A best practice from another sector is the FAA’s Aviation Safety Reporting System (ASRS). The NASA-administered program receives more than 50,000 anonymous near-miss reports each year. Former National Transportation Safety Board chairman Chris Hart reports that the program has significantly improved the safety and reliability of operations in aviation.
Do regulators and networks need to worry about their reliability?
Paul Schulman (Mills College) and Emery Roe (University of California, Berkeley) discuss the role of safety regulators for reliability-seeking organizations and sectors. They observe that effective regulations and regulators can raise performance standards across a sector. This helps to prevent some rivals from undercutting safety in order to gain a competitive advantage. An effective regulator also impacts operational practices and culture regarding reliability.
“Expecting a person to interpret and respond to a unique event in the moment is like blaming the goalie in soccer or ice hockey for every goal—reducing shots on goal is everyone’s job in a team sport, whereas the goalie is the last line of defense”

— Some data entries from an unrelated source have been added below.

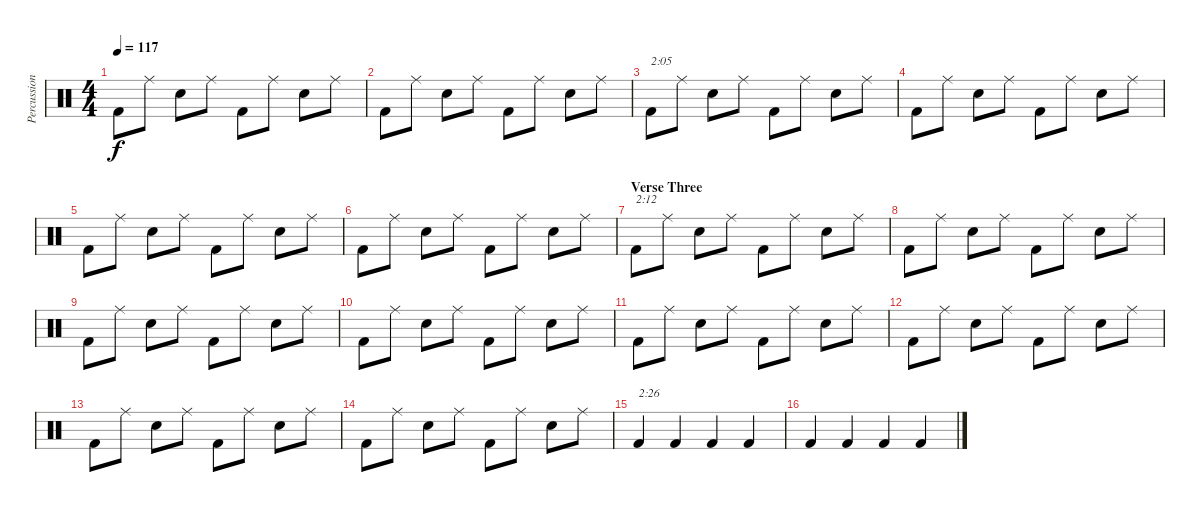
\track ("Percussion" "Percussion") {instrument percussion}
\staff {score}
\articulation defaults
\ts (4 4)
\tempo 117
\clef neutral
\ks c "Kick (hit) 2".8{dy f} "Ride (middle)".8 "Snare (hit) 2".8 "Ride (middle)".8 "Kick (hit) 2".8 "Ride (middle)".8 "Snare (hit) 2".8 "Ride (middle)".8
|
"Kick (hit) 2".8 "Ride (middle)".8 "Snare (hit) 2".8 "Ride (middle)".8 "Kick (hit) 2".8 "Ride (middle)".8 "Snare (hit) 2".8 "Ride (middle)".8 |
"Kick (hit) 2".8{txt "2:05"} "Ride (middle)".8 "Snare (hit) 2".8 "Ride (middle)".8 "Kick (hit) 2".8 "Ride (middle)".8 "Snare (hit) 2".8 "Ride (middle)".8 |
"Kick (hit) 2".8 "Ride (middle)".8 "Snare (hit) 2".8 "Ride (middle)".8 "Kick (hit) 2".8 "Ride (middle)".8 "Snare (hit) 2".8 "Ride (middle)".8 |
"Kick (hit) 2".8 "Ride (middle)".8 "Snare (hit) 2".8 "Ride (middle)".8 "Kick (hit) 2".8 "Ride (middle)".8 "Snare (hit) 2".8 "Ride (middle)".8 |
"Kick (hit) 2".8 "Ride (middle)".8 "Snare (hit) 2".8 "Ride (middle)".8 "Kick (hit) 2".8 "Ride (middle)".8 "Snare (hit) 2".8 "Ride (middle)".8 |
\section ("" "Verse Three")
"Kick (hit) 2".8{txt "2:12"} "Ride (middle)".8 "Snare (hit) 2".8 "Ride (middle)".8 "Kick (hit) 2".8 "Ride (middle)".8 "Snare (hit) 2".8 "Ride (middle)".8 |
"Kick (hit) 2".8 "Ride (middle)".8 "Snare (hit) 2".8 "Ride (middle)".8 "Kick (hit) 2".8 "Ride (middle)".8 "Snare (hit) 2".8 "Ride (middle)".8 |
"Kick (hit) 2".8 "Ride (middle)".8 "Snare (hit) 2".8 "Ride (middle)".8 "Kick (hit) 2".8 "Ride (middle)".8 "Snare (hit) 2".8 "Ride (middle)".8 |
"Kick (hit) 2".8 "Ride (middle)".8 "Snare (hit) 2".8 "Ride (middle)".8 "Kick (hit) 2".8 "Ride (middle)".8 "Snare (hit) 2".8 "Ride (middle)".8 |
"Kick (hit) 2".8 "Ride (middle)".8 "Snare (hit) 2".8 "Ride (middle)".8 "Kick (hit) 2".8 "Ride (middle)".8 "Snare (hit) 2".8 "Ride (middle)".8 |
"Kick (hit) 2".8 "Ride (middle)".8 "Snare (hit) 2".8 "Ride (middle)".8 "Kick (hit) 2".8 "Ride (middle)".8 "Snare (hit) 2".8 "Ride (middle)".8 |
"Kick (hit) 2".8 "Ride (middle)".8 "Snare (hit) 2".8 "Ride (middle)".8 "Kick (hit) 2".8 "Ride (middle)".8 "Snare (hit) 2".8 "Ride (middle)".8 |
"Kick (hit) 2".8 "Ride (middle)".8 "Snare (hit) 2".8 "Ride (middle)".8 "Kick (hit) 2".8 "Ride (middle)".8 "Snare (hit) 2".8 "Ride (middle)".8 |
"Kick (hit) 2".4{txt "2:26"} "Kick (hit) 2".4 "Kick (hit) 2".4 "Kick (hit) 2".4 |
"Kick (hit) 2".4 "Kick (hit) 2".4 "Kick (hit) 2".4 "Kick (hit) 2".4

The authors go on to explain that safety regulators should continuously examine and improve their own performance. Regulators need to evaluate the effectiveness of their regulations and inspection activities to see if they are promoting primarily minimum compliance rather than actual improvements in safety and reliability. The self-evaluation by regulators should also ask “to what degree might adversarial relations between regulators and organizations lead to formalization and rigidity of safety management?” Regulators should also ask if their approach results in reliance on a small set of compliance metrics that are retrospective rather than prospective.
Schulman and Roe argue that the challenge of reliability effectiveness “has been neglected by both regulatory agencies and their individual regulatees: the challenge is increasingly one of promoting the management of reliability across organizations, particularly interconnected organizations in networks [supply chain, etc.]. Networked reliability and risk are now in combination one of the most important challenges facing the understanding and pursuit of system reliability in the modern era.”
Reliability and sustainability
Nuclear power plants in the U.S. are most often viewed as examples of high-reliability organizations. In terms of near-term avoidance of major incidents and unplanned outages their operations are reliable. However, if the time frame is expanded and we include environmental sustainability, the chronic unsolved problem of nuclear waste generation and storage can force us to rethink what we mean by reliability. Schulman and Roe explain that “reliability analysis, cast on an extended time frame, must inevitably address risks and consequences that current ‘reliable’ operations are likely to impose on future generations.